(Records from a collection)
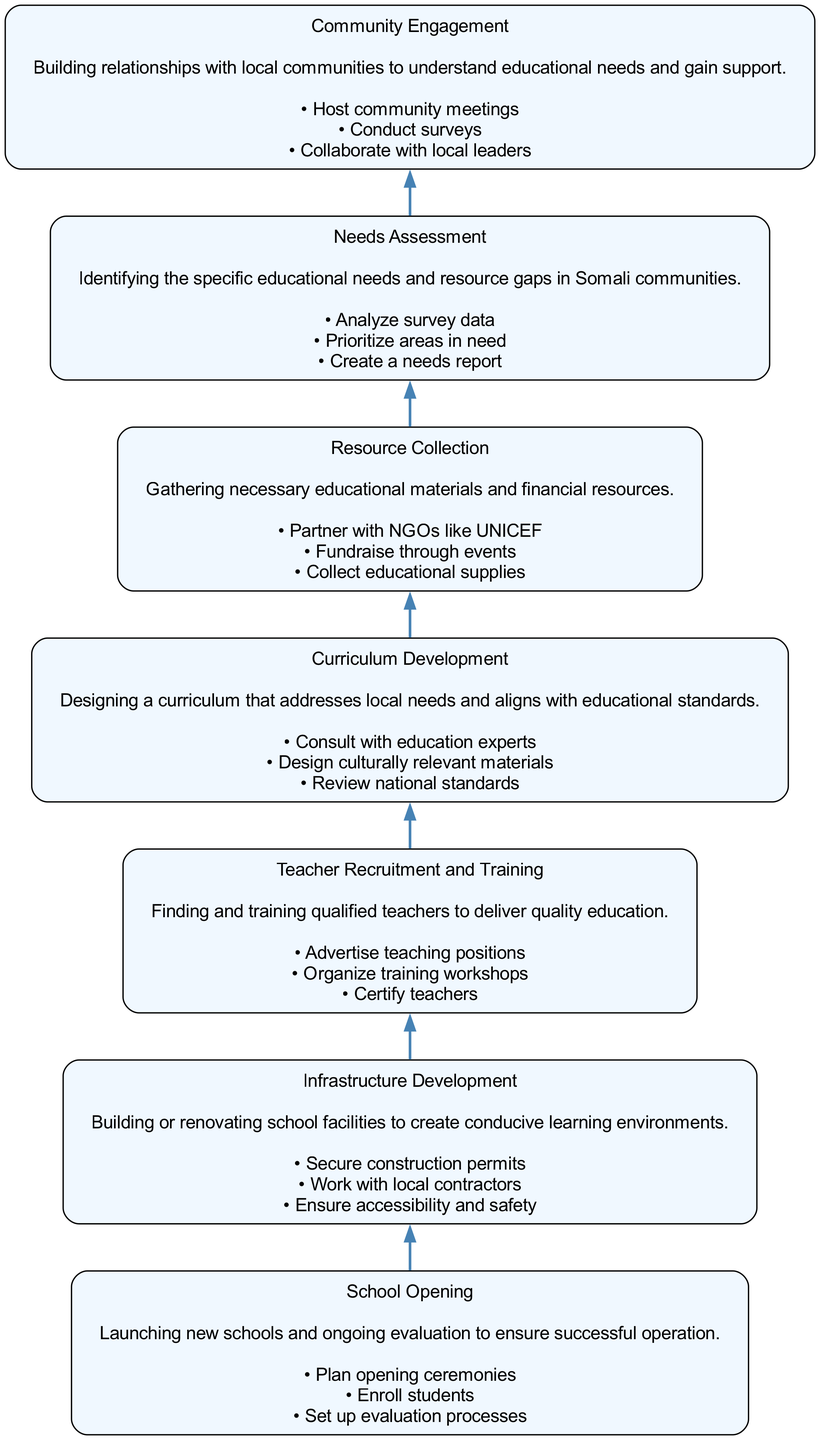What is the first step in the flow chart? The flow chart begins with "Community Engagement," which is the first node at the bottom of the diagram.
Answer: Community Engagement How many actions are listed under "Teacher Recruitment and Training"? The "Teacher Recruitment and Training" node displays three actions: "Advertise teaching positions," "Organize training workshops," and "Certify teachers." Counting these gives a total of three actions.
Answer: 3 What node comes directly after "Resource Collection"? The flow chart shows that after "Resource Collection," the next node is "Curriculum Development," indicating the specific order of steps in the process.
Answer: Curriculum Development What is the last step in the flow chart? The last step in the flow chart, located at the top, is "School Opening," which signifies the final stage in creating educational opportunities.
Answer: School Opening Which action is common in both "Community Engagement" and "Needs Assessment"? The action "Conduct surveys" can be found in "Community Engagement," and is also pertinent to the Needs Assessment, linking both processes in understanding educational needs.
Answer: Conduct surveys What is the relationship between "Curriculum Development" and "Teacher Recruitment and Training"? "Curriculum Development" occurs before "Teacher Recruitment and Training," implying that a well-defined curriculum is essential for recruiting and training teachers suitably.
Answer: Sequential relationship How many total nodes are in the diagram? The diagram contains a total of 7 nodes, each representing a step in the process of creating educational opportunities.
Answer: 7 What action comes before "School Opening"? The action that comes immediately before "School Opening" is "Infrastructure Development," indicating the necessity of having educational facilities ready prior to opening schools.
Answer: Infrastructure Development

▶ _ABOUT THIS EXERCISE_: Using the data above, transcribe the lines that run from the line with "Answer: School Opening" to the line with "Answer: Sequential relationship", both ends kept, and output nothing else.

▶ _RESULT OF THIS EXERCISE_:
Answer: School Opening Which action is common in both "Community Engagement" and "Needs Assessment"? The action "Conduct surveys" can be found in "Community Engagement," and is also pertinent to the Needs Assessment, linking both processes in understanding educational needs.
Answer: Conduct surveys What is the relationship between "Curriculum Development" and "Teacher Recruitment and Training"? "Curriculum Development" occurs before "Teacher Recruitment and Training," implying that a well-defined curriculum is essential for recruiting and training teachers suitably.
Answer: Sequential relationship How many total nodes are in the diagram? The diagram contains a total of 7 nodes, each representing a step in the process of creating educational opportunities.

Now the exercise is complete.